Между тем политическая свалка в новой России всё накалялась — и на самом же бесплодном направлении. В полном небрежении оставались 25 миллионов русских в бывших советских республиках (никто и не пошевельнулся забирать их, хотя бы из пылающего Таджикистана или из Чечни, где русских безнаказанно теснили, грабили, убивали). И в какую пропасть летит страна с провальными гайдаровскими реформами — не забота. А весь накал, как у двух козлов, столкнувшихся на мостике, пошёл на борьбу между группой Ельцина и группой Хасбулатова. Как годом раньше Ельцин видел только одного врага — Горбачёва, а раскромсанье России казалось ему второстепенным, так сейчас важно было раздавить Хасбулатова и изменника Руцкого. Ото всего этого к концу 1992 года развилось напряжение, грозившее полным хаосом в стране.
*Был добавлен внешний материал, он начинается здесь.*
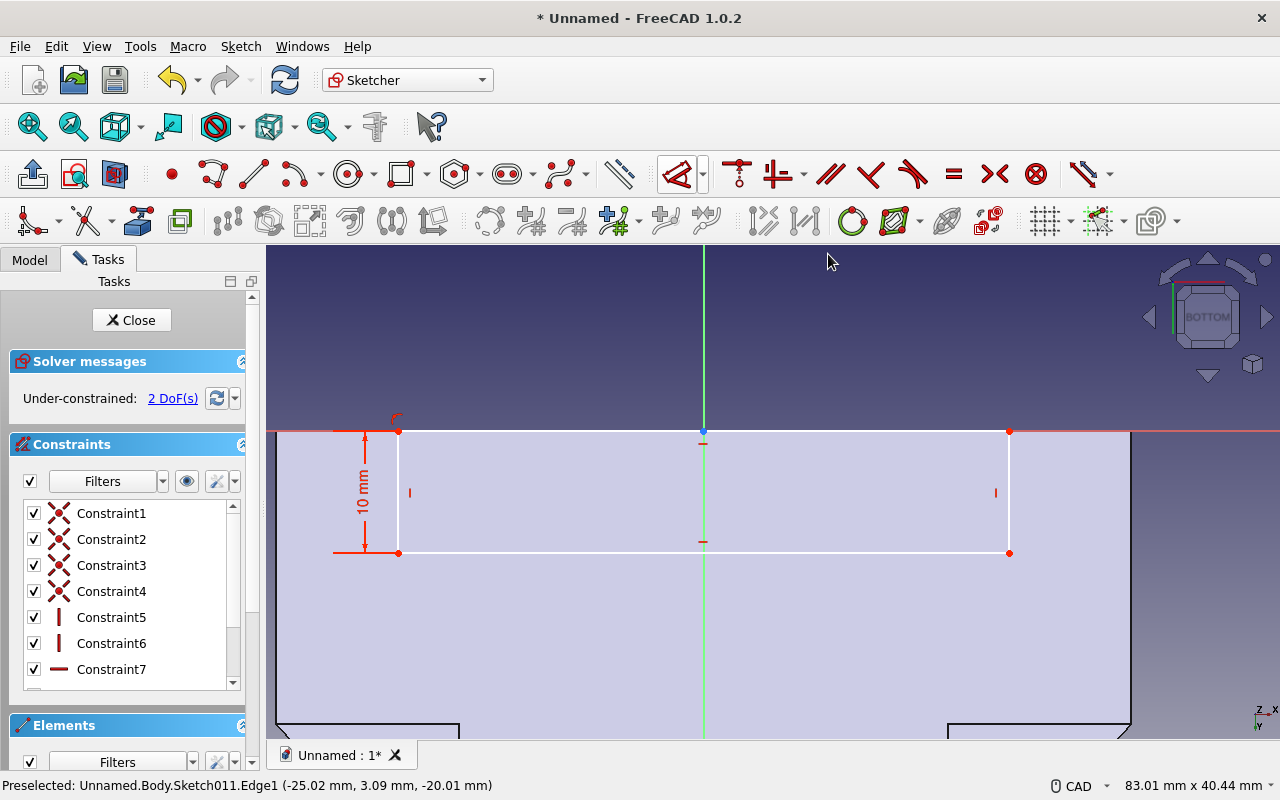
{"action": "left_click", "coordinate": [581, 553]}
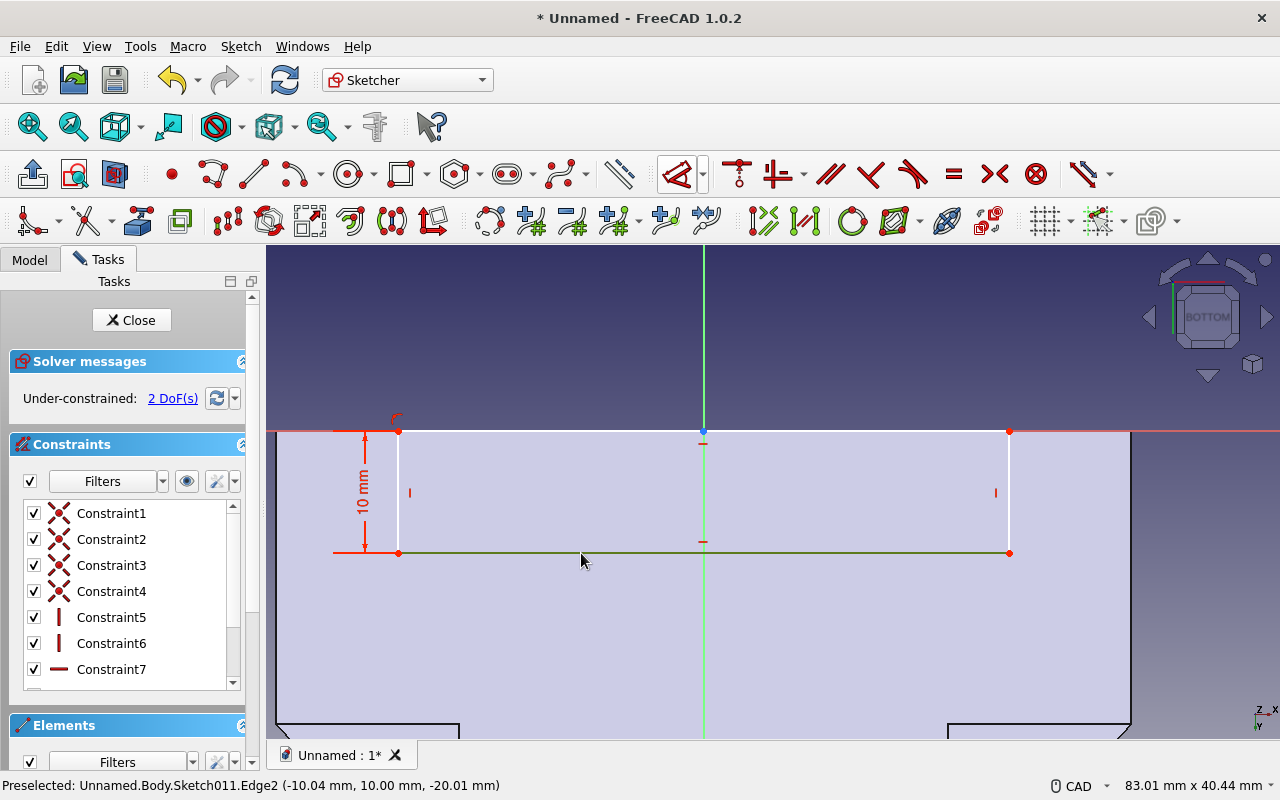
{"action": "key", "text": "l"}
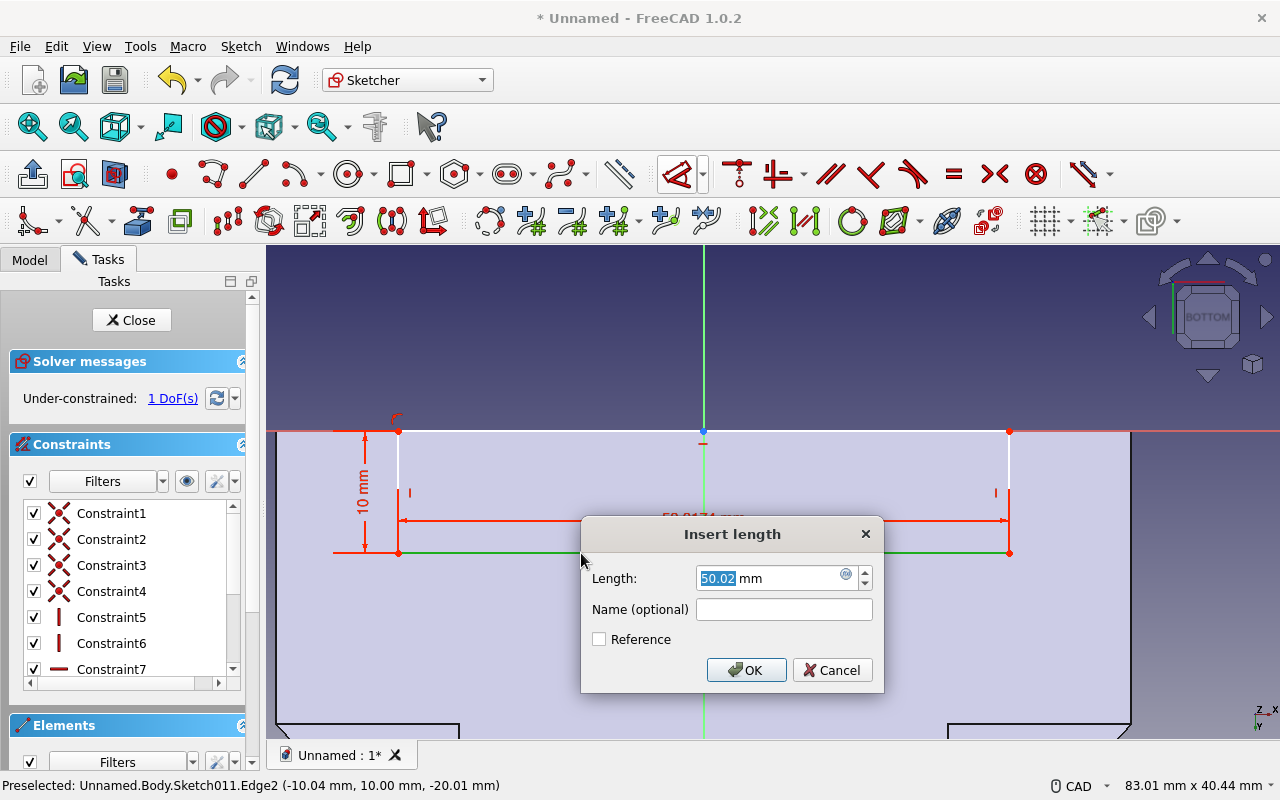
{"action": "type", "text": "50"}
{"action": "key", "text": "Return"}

(А парадокс, усмешка истории, которую не замечали участники той борьбы, состояла в том, что “демократы” — ради поддержки своей надёжи Ельцина — защищали план конституции авторитарной России. А Верховный Совет, большей частью коммунисты, всей душой преданные тоталитарности, — эти, чтобы только подорвать Ельцина, вынуждены были ратовать за демократию. То есть обе стороны действовали не по принципу, а по политической тактике.)
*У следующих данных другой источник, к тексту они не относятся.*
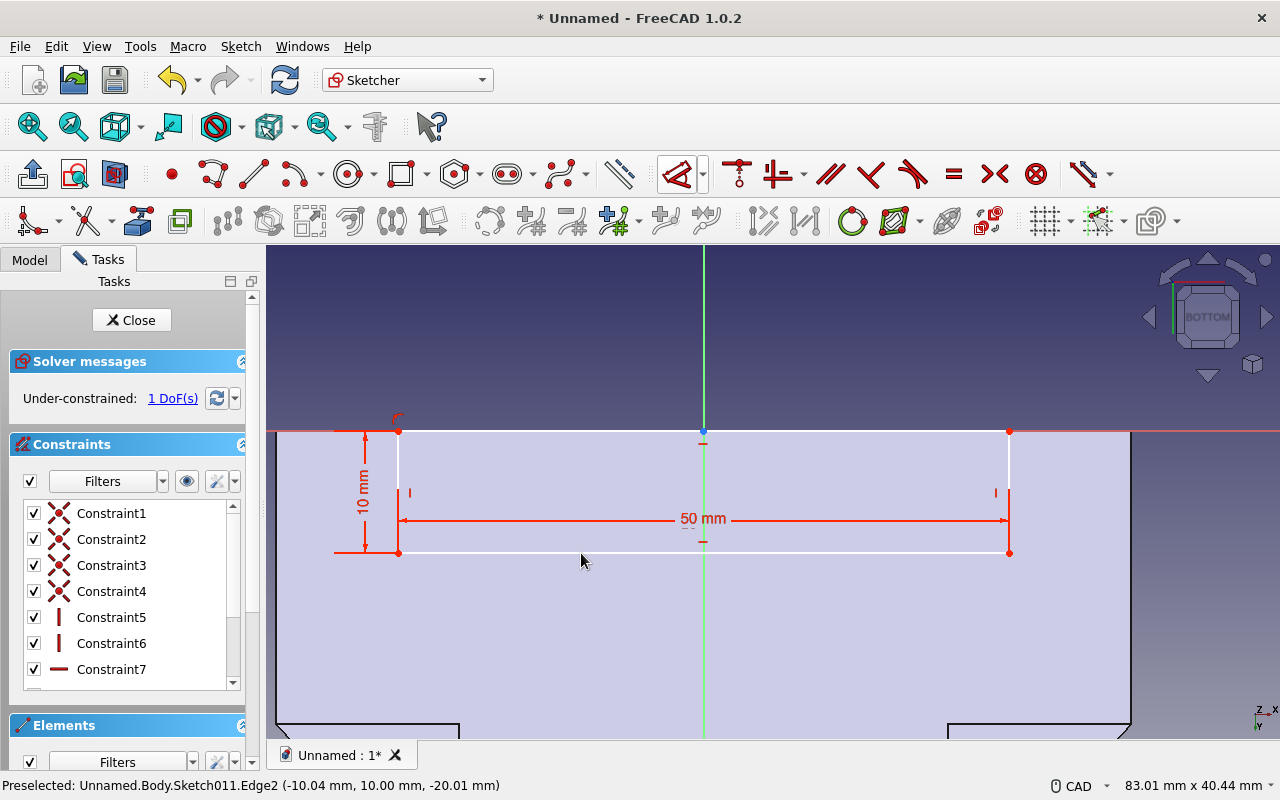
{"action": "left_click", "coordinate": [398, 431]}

Выступать перед народом систематически и объяснять свои действия и планы, как это делал Рейган и другие западные лидеры, — Ельцин не имел ни личной способности, ни охоты (да недоступно было и советникам сочинять: чтбо ему говорить при таких провалах, при таком кричащем несоответствии слов и дел?). Однако перед московской интеллигенцией, как, очевидно, внушили ему, иногда надо было изъясняться. И он собирал избранных, обычно в парадной кремлёвской обстановке. И в ноябре 1992, через два месяца после того, как не “лёг на рельсы”, высказывал на “конгрессе интеллигенции”, по чьей-то шпаргалке, премудро: “Мы недооценили инерцию прежней системы. И результаты реформы оказались в зависимости в меньшей степени от радикальных действий правительства, а в гораздо большей — от ритма жизни, от стереотипа поведения людей”. (Постыдники! Если вы и инерции не предусмотрели — о чём же вы вообще думали, заваривая кашу? — И опять у вас этот неисправимый народ виноват, не ценит благодеяний?) — Двумя месяцами спустя ещё одно объяснение на Совмине: Ельцин “не согласен, что 1992 потерян для России. Была бы катастрофа, если бы не начали реформы. Они пошли по единственно [уже!] возможному варианту. Был огромный дефицит мужественных людей, готовых взять на себя всю тяжесть ответственности. В тех условиях неуместны были дискуссии [даже дискуссии?] о том, какую модель реформ проводить, не было возможности выбора команды... [И нашли Гайдара-Чубайса...] Не было опыта решения таких проблем…”. — Посмели и без опыта. Только для того, чтобы показать кукиш робкому Горбачёву? И для сего — требовал Ельцин, и вырвал от Верховного Совета, “чрезвычайные полномочия” на полтора года.